---- Exercise input
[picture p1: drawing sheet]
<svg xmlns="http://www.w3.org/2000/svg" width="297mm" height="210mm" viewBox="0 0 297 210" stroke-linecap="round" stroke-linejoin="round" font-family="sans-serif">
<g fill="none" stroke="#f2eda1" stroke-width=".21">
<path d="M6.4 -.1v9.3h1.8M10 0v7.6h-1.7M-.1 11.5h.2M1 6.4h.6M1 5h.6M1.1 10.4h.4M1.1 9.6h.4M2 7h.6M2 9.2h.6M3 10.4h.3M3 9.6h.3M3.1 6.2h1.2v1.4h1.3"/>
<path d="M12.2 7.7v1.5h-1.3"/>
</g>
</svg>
--------
Your response should hold the lines from the first line of the entries above through the line with "-.1v9.3h1.8M10 0v7.6h-1.7M-.1 11.5h.2M1", each retyped exactly, and nothing else.

[picture p1: drawing sheet]
<svg xmlns="http://www.w3.org/2000/svg" width="297mm" height="210mm" viewBox="0 0 297 210" stroke-linecap="round" stroke-linejoin="round" font-family="sans-serif">
<g fill="none" stroke="#f2eda1" stroke-width=".21">
<path d="M6.4 -.1v9.3h1.8M10 0v7.6h-1.7M-.1 11.5h.2M1 6.4h.6M1 5h.6M1.1 10.4h.4M1.1 9.6h.4M2 7h.6M2 9.2h.6M3 10.4h.3M3 9.6h.3M3.1 6.2h1.2v1.4h1.3"/>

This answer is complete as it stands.